The API is configured to only validate tokens coming from my B2C tenant. Do you have any recommendations for such scenarios?


Minor question on the side: is there any plan to increase the allowed number of actions/operations, or will 30 be the maximum for the foreseeable future?

I guess in this situation the only solution would be using a proxy, that exposes the action to GPT but handles the OAuth dance…

Would you be able to include this scenario as well:

Authorise URL: https://app.vssps.visualstudio.com/oauth2/authorize
Access Token URL: https://app.vssps.visualstudio.com/oauth2/token
Server URL: https://dev.azure.com/{organisationID}/{projectID}

Where organisation and project ID are passed in via YAML as part of the schema.

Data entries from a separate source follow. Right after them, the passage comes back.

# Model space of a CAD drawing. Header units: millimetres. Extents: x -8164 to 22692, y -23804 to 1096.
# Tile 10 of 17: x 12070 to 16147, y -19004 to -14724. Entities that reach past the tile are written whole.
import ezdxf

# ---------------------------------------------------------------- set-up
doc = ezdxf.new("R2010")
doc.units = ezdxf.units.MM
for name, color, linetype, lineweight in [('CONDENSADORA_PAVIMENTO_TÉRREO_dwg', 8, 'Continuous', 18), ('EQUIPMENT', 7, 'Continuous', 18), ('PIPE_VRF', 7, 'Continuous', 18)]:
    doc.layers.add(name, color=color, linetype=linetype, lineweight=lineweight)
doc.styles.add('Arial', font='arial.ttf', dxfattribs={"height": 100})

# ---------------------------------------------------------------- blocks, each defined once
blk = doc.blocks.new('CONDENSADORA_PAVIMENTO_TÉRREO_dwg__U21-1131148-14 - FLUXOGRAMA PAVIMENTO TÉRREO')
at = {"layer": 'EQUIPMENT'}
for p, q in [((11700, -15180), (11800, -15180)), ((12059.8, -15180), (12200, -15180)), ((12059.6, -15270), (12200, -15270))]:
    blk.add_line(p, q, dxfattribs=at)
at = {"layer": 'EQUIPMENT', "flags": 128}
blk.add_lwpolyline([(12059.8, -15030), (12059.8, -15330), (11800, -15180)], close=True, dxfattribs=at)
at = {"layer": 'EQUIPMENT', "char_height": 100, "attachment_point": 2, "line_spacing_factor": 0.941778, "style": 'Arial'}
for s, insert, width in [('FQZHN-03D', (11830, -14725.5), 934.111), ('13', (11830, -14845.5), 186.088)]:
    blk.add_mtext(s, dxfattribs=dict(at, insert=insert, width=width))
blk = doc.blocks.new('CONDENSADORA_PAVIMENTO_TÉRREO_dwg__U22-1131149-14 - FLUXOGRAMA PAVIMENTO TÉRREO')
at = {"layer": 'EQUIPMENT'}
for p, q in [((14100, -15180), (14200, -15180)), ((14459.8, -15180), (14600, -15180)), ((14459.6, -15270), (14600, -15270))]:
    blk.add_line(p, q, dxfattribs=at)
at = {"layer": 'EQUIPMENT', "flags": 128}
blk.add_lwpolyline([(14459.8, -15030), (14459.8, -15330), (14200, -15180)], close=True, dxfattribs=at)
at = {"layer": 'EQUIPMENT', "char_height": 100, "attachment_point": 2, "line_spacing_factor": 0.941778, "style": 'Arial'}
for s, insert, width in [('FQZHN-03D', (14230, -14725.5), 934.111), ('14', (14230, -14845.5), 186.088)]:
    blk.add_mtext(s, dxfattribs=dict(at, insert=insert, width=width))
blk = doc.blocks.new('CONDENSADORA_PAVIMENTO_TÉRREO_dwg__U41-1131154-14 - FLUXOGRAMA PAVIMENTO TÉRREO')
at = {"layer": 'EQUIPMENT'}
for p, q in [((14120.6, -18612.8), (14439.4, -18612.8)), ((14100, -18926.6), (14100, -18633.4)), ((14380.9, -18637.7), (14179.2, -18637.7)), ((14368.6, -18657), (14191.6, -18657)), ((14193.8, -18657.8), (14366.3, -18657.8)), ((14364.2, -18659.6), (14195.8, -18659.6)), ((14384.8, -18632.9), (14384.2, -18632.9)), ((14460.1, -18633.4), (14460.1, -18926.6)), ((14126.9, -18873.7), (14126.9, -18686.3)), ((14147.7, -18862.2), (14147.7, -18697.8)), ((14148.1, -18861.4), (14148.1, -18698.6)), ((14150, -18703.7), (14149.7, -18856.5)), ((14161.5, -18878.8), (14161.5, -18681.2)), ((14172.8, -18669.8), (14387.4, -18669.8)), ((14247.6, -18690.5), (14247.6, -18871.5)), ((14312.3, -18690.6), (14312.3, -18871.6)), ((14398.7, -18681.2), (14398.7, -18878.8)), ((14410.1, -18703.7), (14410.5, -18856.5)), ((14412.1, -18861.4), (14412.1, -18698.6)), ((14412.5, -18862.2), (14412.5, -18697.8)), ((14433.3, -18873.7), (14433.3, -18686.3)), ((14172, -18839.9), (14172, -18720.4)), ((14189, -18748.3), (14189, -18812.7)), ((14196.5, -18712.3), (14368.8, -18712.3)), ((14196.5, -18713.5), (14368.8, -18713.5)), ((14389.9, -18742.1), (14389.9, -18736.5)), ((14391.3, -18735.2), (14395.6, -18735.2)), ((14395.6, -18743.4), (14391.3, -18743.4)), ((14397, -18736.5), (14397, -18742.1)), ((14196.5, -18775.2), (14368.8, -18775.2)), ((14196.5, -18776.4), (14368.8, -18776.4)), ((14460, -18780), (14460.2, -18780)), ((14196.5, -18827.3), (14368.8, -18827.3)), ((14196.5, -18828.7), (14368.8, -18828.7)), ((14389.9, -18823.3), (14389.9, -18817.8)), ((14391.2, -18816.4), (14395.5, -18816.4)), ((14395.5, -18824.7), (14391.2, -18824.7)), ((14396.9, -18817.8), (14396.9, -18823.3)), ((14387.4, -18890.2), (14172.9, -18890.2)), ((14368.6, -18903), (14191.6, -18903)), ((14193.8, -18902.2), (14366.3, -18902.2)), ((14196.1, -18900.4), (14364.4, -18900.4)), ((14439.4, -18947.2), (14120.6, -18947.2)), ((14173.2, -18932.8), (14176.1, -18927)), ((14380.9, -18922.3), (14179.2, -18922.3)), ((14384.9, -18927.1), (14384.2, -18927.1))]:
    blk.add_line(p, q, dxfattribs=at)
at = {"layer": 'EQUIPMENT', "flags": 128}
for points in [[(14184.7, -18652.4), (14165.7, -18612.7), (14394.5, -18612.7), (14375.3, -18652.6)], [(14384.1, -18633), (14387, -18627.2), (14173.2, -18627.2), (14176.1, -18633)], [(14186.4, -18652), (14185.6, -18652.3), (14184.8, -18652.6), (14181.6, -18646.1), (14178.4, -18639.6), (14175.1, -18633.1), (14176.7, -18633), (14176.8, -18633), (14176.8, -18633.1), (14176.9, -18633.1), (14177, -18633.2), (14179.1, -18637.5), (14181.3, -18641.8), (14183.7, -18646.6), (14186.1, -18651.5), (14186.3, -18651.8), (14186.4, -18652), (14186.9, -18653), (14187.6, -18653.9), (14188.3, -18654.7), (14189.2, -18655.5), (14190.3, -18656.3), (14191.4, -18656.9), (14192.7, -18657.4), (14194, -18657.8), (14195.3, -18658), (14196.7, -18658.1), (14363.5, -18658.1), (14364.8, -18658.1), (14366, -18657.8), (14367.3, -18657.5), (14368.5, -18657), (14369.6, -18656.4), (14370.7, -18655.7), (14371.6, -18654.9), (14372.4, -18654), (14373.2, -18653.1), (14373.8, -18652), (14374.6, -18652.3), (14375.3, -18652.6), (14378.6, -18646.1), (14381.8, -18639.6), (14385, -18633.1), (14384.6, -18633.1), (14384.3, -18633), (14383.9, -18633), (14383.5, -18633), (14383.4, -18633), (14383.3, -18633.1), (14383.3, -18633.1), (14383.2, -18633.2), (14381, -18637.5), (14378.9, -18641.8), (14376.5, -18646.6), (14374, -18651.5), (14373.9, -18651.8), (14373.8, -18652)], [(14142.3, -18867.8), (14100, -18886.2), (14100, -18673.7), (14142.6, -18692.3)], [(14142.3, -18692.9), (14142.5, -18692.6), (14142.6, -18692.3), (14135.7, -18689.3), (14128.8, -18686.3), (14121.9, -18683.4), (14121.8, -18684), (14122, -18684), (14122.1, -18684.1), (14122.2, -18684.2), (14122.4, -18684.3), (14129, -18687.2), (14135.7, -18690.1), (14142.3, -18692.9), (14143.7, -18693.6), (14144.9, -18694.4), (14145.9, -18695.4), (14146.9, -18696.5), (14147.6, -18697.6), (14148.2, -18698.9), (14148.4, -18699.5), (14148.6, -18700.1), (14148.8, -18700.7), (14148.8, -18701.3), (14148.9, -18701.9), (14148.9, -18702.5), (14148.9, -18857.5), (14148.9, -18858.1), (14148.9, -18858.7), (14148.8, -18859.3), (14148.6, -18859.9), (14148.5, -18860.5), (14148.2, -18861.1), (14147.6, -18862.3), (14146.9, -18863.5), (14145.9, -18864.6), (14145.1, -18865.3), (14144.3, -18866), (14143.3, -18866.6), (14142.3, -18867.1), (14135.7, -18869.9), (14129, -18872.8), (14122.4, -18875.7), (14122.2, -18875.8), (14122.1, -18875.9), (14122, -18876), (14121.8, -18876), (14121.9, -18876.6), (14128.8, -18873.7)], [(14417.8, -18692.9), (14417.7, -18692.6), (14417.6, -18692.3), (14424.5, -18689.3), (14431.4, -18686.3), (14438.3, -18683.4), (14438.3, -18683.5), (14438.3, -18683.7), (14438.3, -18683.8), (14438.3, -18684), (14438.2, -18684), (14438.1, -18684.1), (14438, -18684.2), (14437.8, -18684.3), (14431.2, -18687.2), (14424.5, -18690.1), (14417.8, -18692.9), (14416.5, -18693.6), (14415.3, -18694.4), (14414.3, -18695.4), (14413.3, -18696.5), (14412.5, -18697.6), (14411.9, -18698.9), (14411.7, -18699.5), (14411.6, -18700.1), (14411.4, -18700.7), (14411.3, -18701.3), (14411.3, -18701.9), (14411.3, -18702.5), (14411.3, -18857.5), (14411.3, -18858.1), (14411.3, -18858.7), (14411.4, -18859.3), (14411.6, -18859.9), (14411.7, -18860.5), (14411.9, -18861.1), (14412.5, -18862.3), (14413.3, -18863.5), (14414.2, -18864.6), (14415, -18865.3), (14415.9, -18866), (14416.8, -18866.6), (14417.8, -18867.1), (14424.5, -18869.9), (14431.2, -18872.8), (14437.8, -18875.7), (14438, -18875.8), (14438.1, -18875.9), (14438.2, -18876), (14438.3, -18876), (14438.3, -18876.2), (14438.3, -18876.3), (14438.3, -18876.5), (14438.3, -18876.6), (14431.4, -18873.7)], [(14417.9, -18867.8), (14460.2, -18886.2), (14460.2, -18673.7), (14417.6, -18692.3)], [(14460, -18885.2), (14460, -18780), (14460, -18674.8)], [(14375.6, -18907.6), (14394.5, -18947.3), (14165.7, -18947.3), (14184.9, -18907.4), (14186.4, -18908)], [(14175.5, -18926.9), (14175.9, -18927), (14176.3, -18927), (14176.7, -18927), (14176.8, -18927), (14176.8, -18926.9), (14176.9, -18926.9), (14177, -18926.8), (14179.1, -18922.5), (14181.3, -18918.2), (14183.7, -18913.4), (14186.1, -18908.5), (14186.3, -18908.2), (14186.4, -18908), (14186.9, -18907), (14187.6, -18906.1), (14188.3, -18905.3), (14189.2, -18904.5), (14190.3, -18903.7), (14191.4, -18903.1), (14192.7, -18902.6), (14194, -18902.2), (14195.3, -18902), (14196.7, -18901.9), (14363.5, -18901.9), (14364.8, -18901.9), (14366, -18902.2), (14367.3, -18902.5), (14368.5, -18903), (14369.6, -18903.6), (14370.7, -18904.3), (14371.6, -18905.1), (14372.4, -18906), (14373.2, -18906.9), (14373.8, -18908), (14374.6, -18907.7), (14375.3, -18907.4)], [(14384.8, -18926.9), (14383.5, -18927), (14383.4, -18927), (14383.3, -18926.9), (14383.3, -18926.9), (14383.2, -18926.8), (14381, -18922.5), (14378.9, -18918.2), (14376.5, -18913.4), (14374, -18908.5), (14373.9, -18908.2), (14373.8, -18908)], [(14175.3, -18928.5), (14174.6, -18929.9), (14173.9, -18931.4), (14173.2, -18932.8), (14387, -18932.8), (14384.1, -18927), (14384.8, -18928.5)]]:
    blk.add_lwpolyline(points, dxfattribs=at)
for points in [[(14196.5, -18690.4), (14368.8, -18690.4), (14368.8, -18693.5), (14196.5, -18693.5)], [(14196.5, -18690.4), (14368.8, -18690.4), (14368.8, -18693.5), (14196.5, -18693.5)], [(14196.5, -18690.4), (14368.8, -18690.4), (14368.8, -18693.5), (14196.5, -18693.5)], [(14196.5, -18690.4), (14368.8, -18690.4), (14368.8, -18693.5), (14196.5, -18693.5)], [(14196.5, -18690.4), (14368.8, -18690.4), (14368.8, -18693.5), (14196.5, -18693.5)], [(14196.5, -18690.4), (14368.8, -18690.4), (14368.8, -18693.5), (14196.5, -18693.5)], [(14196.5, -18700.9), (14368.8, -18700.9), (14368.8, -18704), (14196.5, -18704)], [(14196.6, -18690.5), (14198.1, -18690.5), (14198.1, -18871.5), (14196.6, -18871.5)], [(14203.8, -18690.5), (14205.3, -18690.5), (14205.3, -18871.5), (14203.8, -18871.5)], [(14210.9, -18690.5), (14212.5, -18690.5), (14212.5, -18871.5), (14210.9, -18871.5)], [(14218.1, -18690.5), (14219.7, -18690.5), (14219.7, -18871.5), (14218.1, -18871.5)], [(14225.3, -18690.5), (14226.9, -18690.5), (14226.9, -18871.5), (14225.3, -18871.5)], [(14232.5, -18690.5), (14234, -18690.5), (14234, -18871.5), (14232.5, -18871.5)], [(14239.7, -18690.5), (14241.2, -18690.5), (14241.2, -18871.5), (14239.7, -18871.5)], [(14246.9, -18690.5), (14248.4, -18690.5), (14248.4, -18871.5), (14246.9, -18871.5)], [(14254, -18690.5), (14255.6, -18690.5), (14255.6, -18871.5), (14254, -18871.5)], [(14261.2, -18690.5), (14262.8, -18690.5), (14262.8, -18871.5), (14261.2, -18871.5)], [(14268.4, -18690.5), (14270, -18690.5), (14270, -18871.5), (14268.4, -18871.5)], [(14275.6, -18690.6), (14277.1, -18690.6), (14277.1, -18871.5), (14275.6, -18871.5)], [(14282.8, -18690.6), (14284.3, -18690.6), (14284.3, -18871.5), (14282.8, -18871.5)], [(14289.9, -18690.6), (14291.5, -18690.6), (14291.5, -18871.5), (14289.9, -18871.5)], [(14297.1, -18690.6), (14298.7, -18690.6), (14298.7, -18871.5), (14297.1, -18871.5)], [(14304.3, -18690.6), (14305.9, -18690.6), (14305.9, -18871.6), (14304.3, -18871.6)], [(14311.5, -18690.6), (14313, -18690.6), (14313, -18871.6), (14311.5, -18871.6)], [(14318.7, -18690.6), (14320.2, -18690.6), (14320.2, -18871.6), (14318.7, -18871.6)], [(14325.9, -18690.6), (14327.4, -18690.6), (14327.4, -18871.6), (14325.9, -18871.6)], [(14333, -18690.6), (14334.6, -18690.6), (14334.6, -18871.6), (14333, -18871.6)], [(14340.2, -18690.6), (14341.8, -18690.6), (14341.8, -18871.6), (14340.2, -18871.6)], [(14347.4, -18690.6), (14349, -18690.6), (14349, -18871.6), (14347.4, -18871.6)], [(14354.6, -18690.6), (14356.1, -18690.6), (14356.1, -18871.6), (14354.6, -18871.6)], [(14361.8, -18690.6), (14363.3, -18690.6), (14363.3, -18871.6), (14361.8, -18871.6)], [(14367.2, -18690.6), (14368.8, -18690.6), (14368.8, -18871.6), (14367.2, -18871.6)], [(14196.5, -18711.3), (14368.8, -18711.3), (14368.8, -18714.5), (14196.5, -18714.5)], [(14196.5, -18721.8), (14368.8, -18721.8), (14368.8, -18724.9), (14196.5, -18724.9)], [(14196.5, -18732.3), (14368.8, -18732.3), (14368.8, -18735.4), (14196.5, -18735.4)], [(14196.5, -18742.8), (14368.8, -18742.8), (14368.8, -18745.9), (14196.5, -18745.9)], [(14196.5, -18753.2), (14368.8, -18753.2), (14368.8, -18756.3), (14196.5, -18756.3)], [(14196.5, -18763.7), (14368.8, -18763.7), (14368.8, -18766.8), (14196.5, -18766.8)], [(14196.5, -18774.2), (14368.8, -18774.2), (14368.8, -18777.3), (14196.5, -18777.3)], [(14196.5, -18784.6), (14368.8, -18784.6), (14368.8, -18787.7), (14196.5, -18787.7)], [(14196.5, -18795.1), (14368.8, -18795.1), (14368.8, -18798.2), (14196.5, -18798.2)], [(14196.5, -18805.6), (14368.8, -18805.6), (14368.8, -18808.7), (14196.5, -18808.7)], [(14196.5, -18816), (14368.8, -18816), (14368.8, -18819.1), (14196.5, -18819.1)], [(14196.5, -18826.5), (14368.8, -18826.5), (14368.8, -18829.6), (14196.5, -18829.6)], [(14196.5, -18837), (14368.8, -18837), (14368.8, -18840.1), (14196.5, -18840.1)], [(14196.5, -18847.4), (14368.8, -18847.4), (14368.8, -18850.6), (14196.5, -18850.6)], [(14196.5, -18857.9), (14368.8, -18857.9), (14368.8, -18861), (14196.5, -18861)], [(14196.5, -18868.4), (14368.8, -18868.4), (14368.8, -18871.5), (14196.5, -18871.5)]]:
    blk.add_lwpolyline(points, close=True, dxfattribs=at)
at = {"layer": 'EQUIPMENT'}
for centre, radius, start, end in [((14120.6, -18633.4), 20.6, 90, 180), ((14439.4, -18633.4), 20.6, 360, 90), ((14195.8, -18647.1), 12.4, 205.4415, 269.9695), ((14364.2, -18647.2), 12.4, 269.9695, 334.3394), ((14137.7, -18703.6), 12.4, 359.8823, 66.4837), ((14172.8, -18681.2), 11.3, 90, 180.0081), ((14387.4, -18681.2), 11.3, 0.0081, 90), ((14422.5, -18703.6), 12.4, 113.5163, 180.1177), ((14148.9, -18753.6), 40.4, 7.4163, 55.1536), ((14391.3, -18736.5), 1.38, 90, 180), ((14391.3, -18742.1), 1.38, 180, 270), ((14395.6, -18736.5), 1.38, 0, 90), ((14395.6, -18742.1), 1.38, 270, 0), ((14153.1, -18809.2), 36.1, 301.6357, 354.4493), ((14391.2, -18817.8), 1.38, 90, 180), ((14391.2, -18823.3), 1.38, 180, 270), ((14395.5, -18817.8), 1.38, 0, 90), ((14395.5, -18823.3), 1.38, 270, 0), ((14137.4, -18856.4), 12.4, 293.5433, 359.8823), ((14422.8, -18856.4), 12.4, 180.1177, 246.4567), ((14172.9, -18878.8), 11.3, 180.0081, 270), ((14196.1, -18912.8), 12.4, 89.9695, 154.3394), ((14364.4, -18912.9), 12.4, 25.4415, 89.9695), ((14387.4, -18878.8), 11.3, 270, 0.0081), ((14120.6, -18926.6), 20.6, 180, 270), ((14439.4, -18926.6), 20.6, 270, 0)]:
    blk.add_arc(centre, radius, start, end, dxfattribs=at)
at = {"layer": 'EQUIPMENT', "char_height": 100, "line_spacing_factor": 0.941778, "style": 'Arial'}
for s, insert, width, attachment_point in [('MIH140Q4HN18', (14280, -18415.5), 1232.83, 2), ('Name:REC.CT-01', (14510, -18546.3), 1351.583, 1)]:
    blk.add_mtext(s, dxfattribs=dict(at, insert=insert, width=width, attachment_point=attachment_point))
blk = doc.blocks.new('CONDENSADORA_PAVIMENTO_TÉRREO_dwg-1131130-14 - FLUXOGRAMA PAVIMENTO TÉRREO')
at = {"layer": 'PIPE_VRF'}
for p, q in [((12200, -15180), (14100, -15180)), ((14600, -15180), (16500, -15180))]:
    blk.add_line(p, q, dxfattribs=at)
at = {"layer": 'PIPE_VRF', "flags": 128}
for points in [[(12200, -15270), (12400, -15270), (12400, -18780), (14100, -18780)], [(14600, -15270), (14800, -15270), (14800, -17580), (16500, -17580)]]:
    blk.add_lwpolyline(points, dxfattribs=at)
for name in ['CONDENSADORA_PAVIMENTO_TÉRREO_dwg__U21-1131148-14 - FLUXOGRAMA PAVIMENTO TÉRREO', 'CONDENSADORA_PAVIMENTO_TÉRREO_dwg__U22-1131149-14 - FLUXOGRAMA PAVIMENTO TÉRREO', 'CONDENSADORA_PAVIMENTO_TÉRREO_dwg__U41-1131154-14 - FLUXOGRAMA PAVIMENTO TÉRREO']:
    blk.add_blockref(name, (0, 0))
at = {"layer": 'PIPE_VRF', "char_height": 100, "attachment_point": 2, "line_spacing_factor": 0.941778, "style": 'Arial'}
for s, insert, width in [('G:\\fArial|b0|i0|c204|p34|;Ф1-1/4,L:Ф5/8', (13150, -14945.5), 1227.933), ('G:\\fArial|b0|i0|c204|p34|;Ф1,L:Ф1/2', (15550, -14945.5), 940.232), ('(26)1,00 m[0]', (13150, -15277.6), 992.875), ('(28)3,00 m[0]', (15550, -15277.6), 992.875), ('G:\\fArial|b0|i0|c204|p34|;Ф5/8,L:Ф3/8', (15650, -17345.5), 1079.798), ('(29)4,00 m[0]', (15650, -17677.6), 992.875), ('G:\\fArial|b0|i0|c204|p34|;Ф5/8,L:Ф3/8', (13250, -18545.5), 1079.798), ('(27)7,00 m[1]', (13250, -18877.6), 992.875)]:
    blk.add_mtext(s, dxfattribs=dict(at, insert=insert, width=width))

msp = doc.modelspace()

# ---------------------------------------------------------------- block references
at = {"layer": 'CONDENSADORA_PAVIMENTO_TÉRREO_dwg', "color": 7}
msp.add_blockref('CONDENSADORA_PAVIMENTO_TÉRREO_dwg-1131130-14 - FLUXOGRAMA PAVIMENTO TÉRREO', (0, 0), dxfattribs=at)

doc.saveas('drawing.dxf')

The irony of these proxy solutions is that they actually introduce a security vulnerability vector into the process. I’m guessing the “spirit” of the matching domains was to increase security, but in practice it is falling apart.

Hi, thanks for helping out. Can you also allow Azure AD?

https://login.microsoftonline.com/{tenatnID}/oauth2/v2.0/authorize

https://login.microsoftonline.com/{tenatnID}/oauth2/v2.0/token

Can you also add AWS Cognito to your whitelist please?